Material and methods: Burn plasma harvested from donor rats 4 hours after thermal injury (30% TBSA, 100° water, 12 sec) was administered intravenously to healthy animals during two hours of IVM. Shamburn plasma (same procedure but water at 37°) was transferred for negative controls. In the choline-group (BP-CDP) bolus injection of 100mg/Kg body weight cdp-choline was undertaken 15 minutes before examination. In the physostigmine group (BP-PT) 70ug/KG PT was administered 15 minutes prior to IVM. IVM was performed in the ileal portion of rat mesenteries at 0, 60 and 120 min. Capillary leakage was assessed by FITC-albumin extravasation and leukocyte-endothelial-interaction were observed via transillumination microscopy. To assure comparable hemodynamic conditions, microhemodynamic parameters, foremost venular wall shear rate was assessed.
Results: Capillary leakage increased significantly after burn plasma transfer when compared to the shamburn group. Blocking of the choline-esterase via PT administration as well as increased choline availability after additional cdp-choline administration attenuates macromolecular efflux to shamburn levels. Leukocyte activation is reduced after cdp-choline and physostigmine treatment.

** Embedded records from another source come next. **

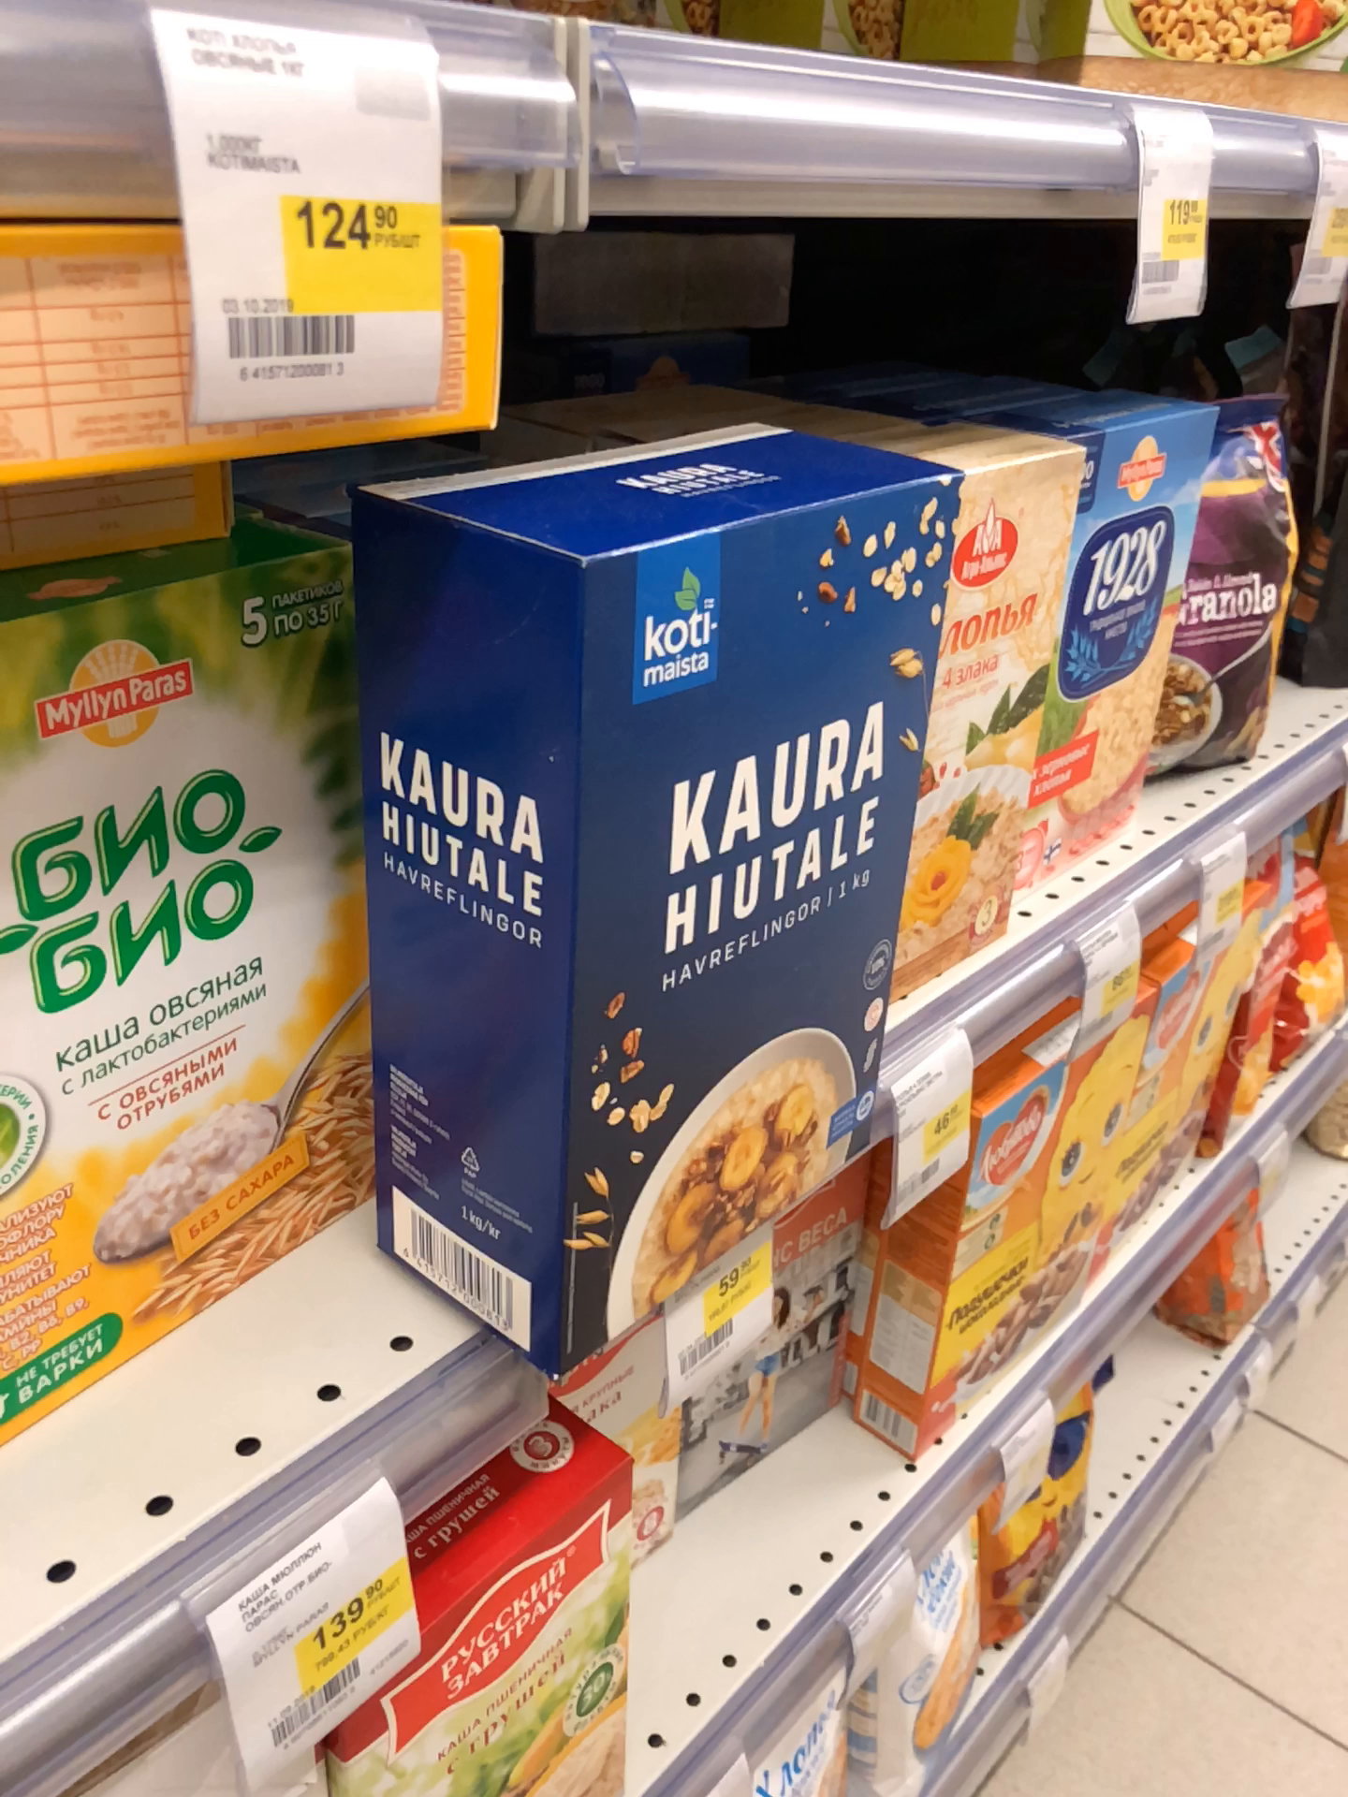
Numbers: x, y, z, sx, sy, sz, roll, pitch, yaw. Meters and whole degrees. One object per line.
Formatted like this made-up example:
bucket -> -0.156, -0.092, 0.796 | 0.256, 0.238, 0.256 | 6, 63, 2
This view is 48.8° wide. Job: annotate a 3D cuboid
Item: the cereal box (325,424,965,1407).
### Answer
cereal box -> -0.006, -0.003, 0.421 | 0.080, 0.229, 0.151 | 23, 33, 35
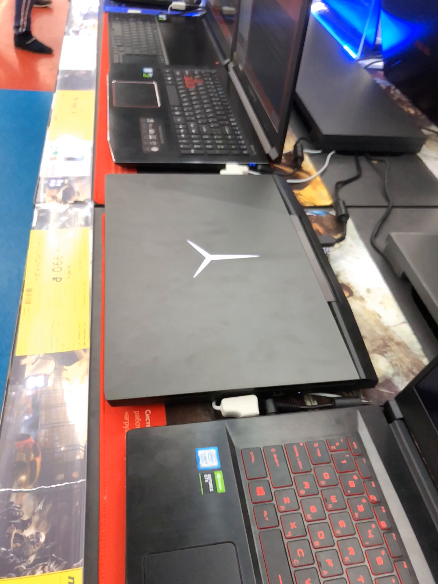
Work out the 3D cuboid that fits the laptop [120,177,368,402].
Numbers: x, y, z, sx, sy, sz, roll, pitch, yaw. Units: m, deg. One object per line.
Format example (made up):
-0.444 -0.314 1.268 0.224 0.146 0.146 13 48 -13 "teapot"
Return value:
0.003 -0.035 0.566 0.227 0.007 0.345 -3 45 -10 "laptop"

Conclusion: The significant increase of albumin efflux in rat mesenteries after burn plasma transfer is decreased by additional cdp-choline bolus administration. Furthermore blocking of the choline esterase by PT administration leads to comparable results. These findings may strengthen the role of the CAP in early burn trauma pathophysiology. Further investigations to proof the relevance of the CAP in early burn trauma are strongly required.